## What needs to be done:
Copy out the listing that follows exactly, dropping every picture.

## Data excerpt:

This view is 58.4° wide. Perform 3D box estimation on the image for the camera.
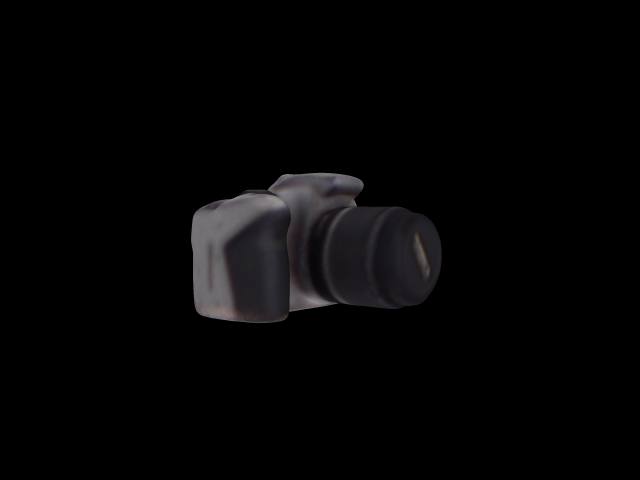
[{"bbox_3d":[0.004,0.001,0.400,0.136,0.101,0.144,2,3,41],"label":"camera"}]
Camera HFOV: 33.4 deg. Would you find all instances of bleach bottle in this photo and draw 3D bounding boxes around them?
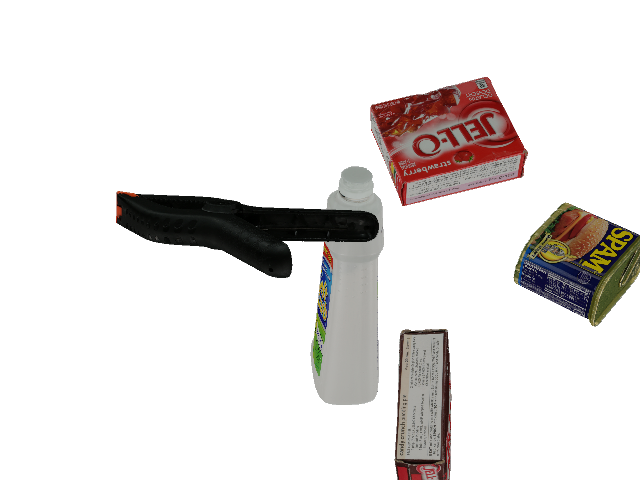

## Result of the task:
This view is 58.4° wide. Perform 3D box estimation on the image for the camera.
[{"bbox_3d":[0.004,0.001,0.400,0.136,0.101,0.144,2,3,41],"label":"camera"}]
Camera HFOV: 33.4 deg. Would you find all instances of bleach bottle in this photo and draw 3D bounding boxes around them?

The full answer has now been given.